Guerra no Oriente Médio encarece querosene de aviação e passagens podem subir até 15%
Especialistas afirmam que efeitos mais significativos da guerra devem aparecer nos próximos meses após reajuste; governo estuda medidas fiscais
Diante do clima de guerra, nesta quinta-feira (1), a Petrobras anunciou que o preço médio do combustível sofrerá um aumento de mais de 50% no preço de venda para as distribuidoras, o que deve impactar diretamente o preço pago pelas companhias aéreas pelo querosene de aviação (QAV), que poderá ter uma alta de até 20%, encarecendo os custos de operação de companhias aéreas.
A medida é um reflexo do conflito no Oriente Médio, que levou ao bloqueio do Estreito de Ormuz, uma rota marítima estratégica, responsável pelo escoamento de cerca de 20% do petróleo mundial.
Impactos nas passagens e nas companhias aéreas
O querosene de aviação é um dos principais custos das companhias aéreas. Adriano Pires, economista e diretor do Centro Brasileiro de Infraestrutura (Cbie) explicou que as passagens aéreas poderão sofrer um aumento de 12% a 15% e acrescentou que além do repasse do valor deste aumento aos consumidores, as empresas podem adotar meios de redução de custos, como a redução do número de voos.
Refinaria da Petrobras (Foto: reprodução/Getty Images Embed/Douglas Magno)
A professora e economista do Insper, Juliana Inhasz, aponta que a concorrência também terá um papel importante na decisão dos preços das passagens, “quanto menor for a concorrência, maior tende a ser o repasse. Em mercados mais pulverizados, o repasse será menor”, disse.
Em relação ao prazo para a consolidação do efeito do aumento, a economista estipula que os impactos mais significativos devem ser sentidos logo nos próximos meses, ela também comentou sobre os possíveis ajustes que poderão ser adotados pelas companhias aéreas para minimizar os prejuízos, afirmando que poderá haver reduções de ofertas, cortes de rotas ou diminuição de frequências, principalmente a destinação de menor demanda.
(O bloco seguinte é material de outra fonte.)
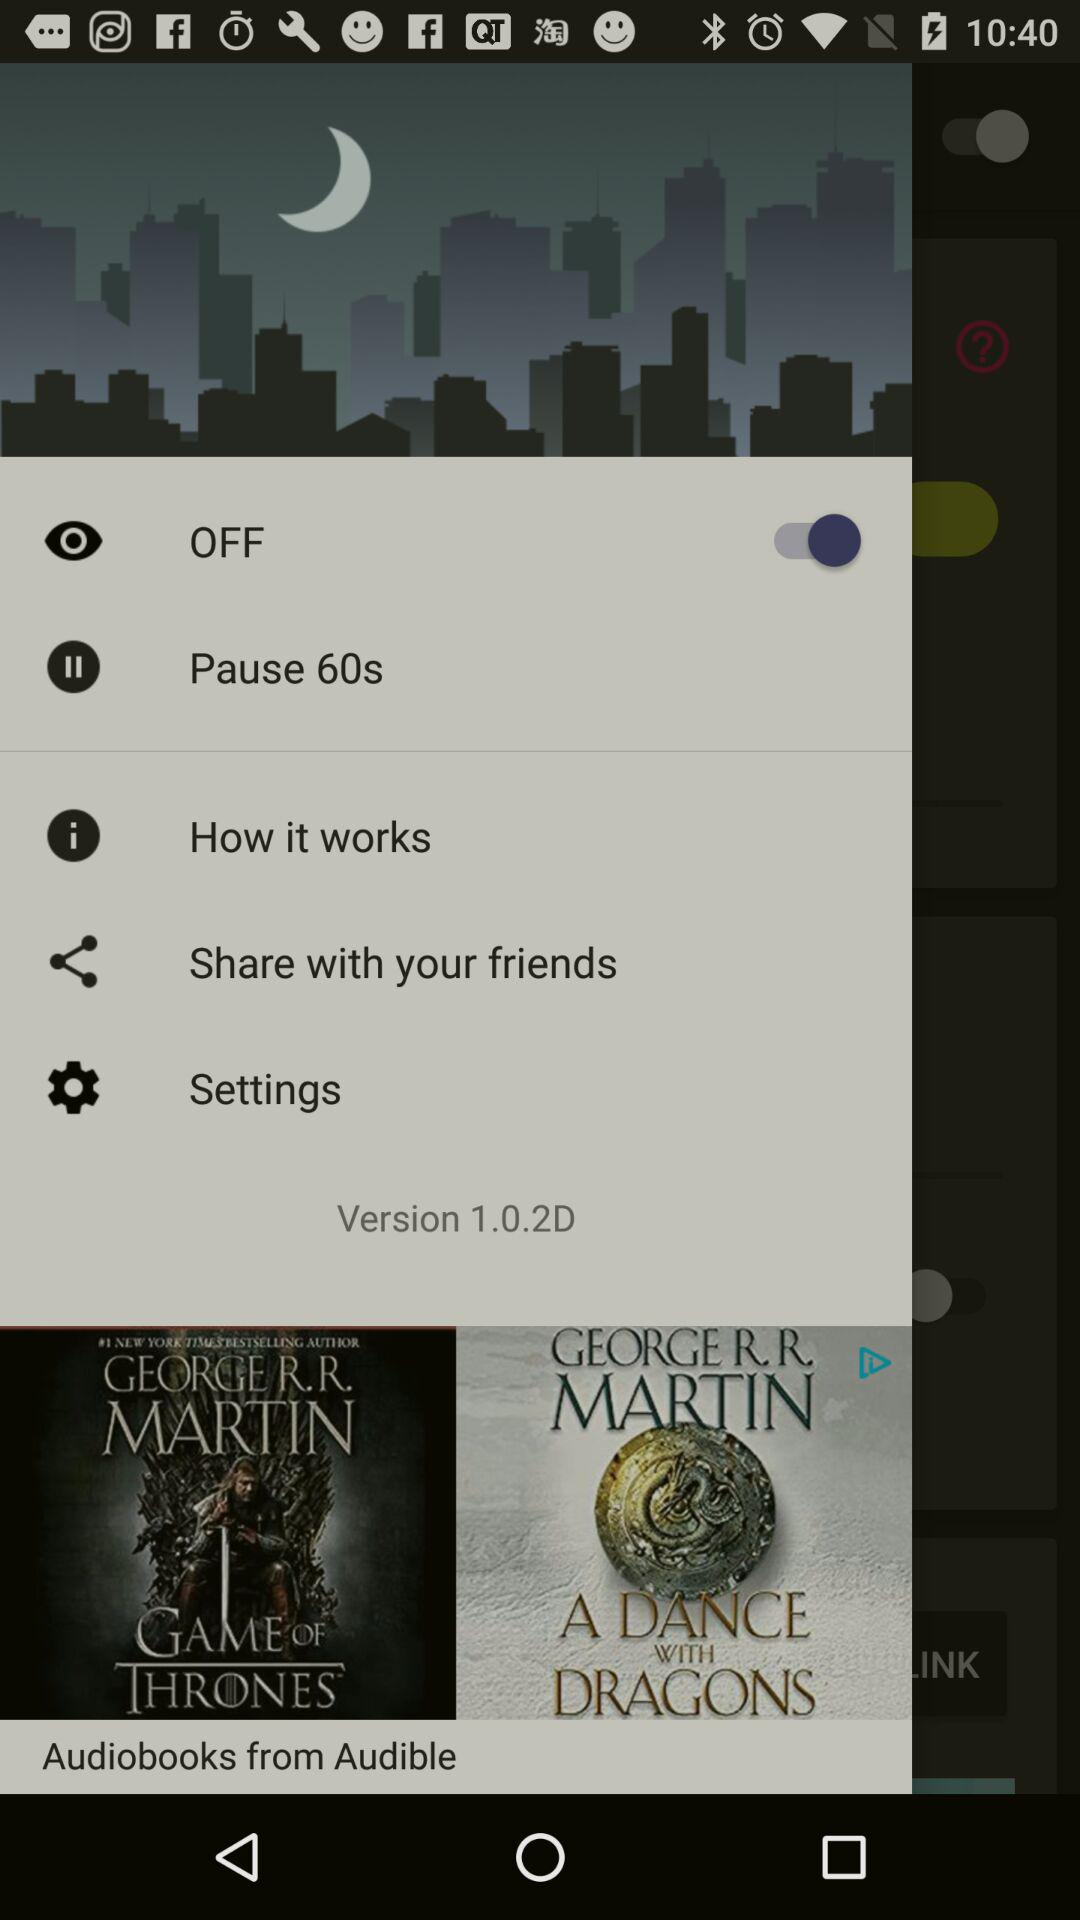What is the status of "OFF"? The status is "on". 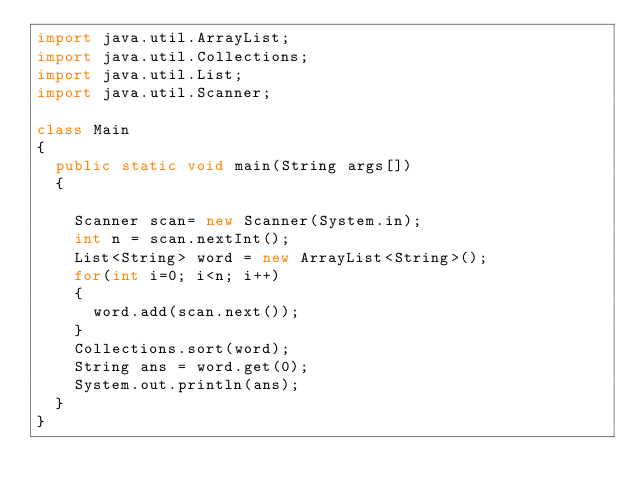<code> <loc_0><loc_0><loc_500><loc_500><_Java_>import java.util.ArrayList;
import java.util.Collections;
import java.util.List;
import java.util.Scanner;

class Main
{
	public static void main(String args[])
	{

		Scanner scan= new Scanner(System.in);
		int n = scan.nextInt();
		List<String> word = new ArrayList<String>();
		for(int i=0; i<n; i++)
		{
			word.add(scan.next());
		}
		Collections.sort(word);
		String ans = word.get(0);
		System.out.println(ans);
	}
}</code> 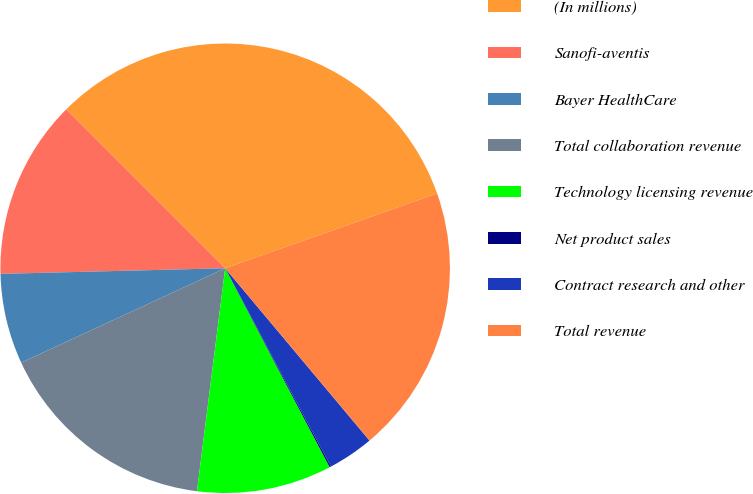Convert chart to OTSL. <chart><loc_0><loc_0><loc_500><loc_500><pie_chart><fcel>(In millions)<fcel>Sanofi-aventis<fcel>Bayer HealthCare<fcel>Total collaboration revenue<fcel>Technology licensing revenue<fcel>Net product sales<fcel>Contract research and other<fcel>Total revenue<nl><fcel>32.1%<fcel>12.9%<fcel>6.5%<fcel>16.1%<fcel>9.7%<fcel>0.1%<fcel>3.3%<fcel>19.3%<nl></chart> 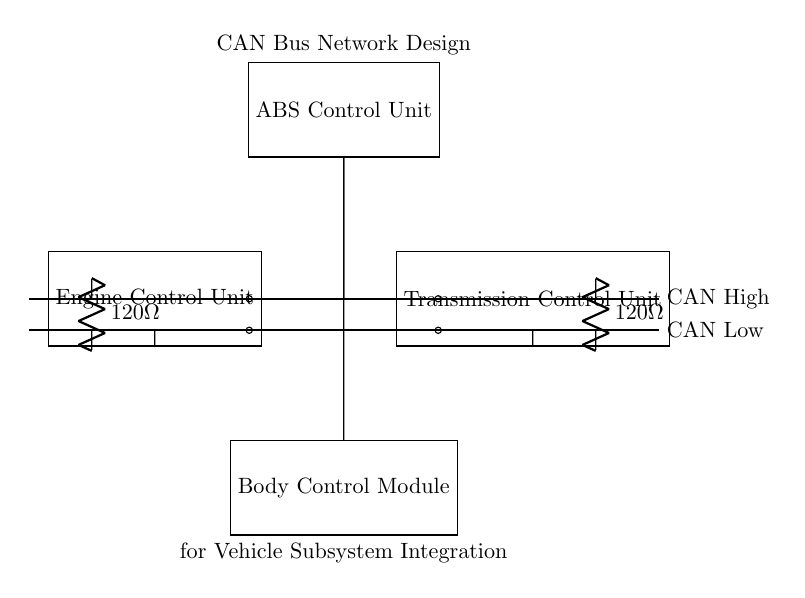What components are included in the circuit? The diagram shows four main components: the Engine Control Unit, Transmission Control Unit, ABS Control Unit, and Body Control Module.
Answer: Engine Control Unit, Transmission Control Unit, ABS Control Unit, Body Control Module What is the purpose of the resistors in the circuit? The resistors have a value of 120 Ohms and are used as termination resistors for the CAN Bus network, ensuring signal integrity by reducing reflections.
Answer: Termination resistors How many modules are connected to the CAN Bus? The circuit diagram shows a total of four modules connected to the CAN Bus, which are the ECU, TCU, ABS, and BCM.
Answer: Four What is the name of the communication protocol used in the circuit? The communication protocol used in this circuit is the CAN Bus, which stands for Controller Area Network, designed for vehicle subsystems communication.
Answer: CAN Bus Which unit is positioned above the CAN Bus in the diagram? The ABS Control Unit is positioned above the CAN Bus, as indicated in the layout of the circuit diagram.
Answer: ABS Control Unit How do the modules connect to the CAN High and CAN Low lines? Each module connects directly to the CAN High and CAN Low lines through individual wires, allowing them to communicate over the network.
Answer: Direct connections What is the significance of the bus lines in the circuit? The CAN High and CAN Low lines form the backbone of the communication network, facilitating data transmission between multiple vehicle subsystems efficiently.
Answer: Backbone of communication 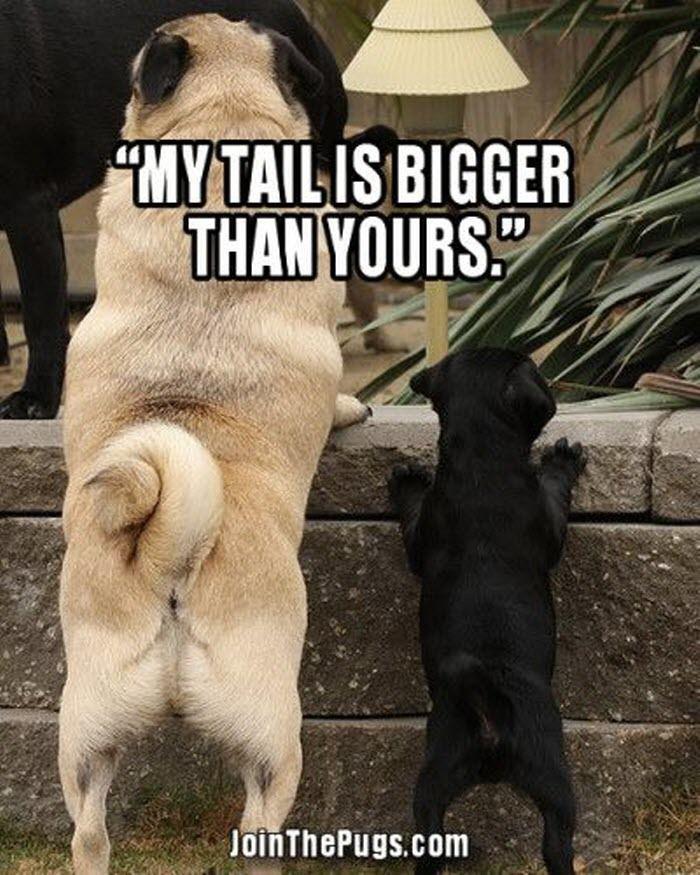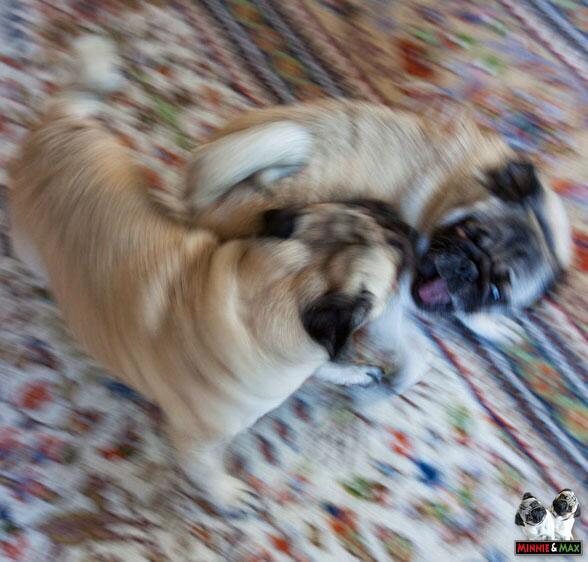The first image is the image on the left, the second image is the image on the right. Given the left and right images, does the statement "There is two dogs in the right image." hold true? Answer yes or no. Yes. The first image is the image on the left, the second image is the image on the right. Considering the images on both sides, is "One image shows a smaller black dog next to a buff-beige pug." valid? Answer yes or no. Yes.

Governo tenta aliviar impactos da guerra
Diante da alta dos preços do petróleo e por consequência a escalada nos preços do querosene de aviação, o Ministério de Portos e Aeroportos enviou ao Ministério da Fazendo uma série de sugestões que podem reduzir o impacto dos aumentos sobre o setor aéreo.
O documento foi formulado pela Secretaria Nacional de Aviação Civil (SAC), e traz algumas sugestões:
- Redução do Imposto de Renda sobre operações de leasing de aeronaves;
- Redução do IOF sobre operações financeiras das empresas aéreas;
- Redução temporária de tributos incidentes sobre o querosene de aviação (QAV);
Sede do Ministério da Fazenda em Brasília (Foto: reprodução/Getty Images Embed/Bloomberg)
Segundo o Ministério de Portos e Aeroportos, as medidas ajudariam a manter uma competitividade entre as empresas e impediria o repasse excessivo dos custos ao consumidor, mantendo a conectividade aérea do país, tanto para voos nacionais quanto internacionais.
A guerra no oriente e bloqueio do Estreito de Ormuz impactaram diretamente a aviação mundial, no caso da brasileira, o querosene de aviação sofreu um aumento de mais de 50%, que terá um efeito direto no bolso do consumidor. Diante dos aumentos, o governo brasileiro já elabora medidas para mitigar os impactos.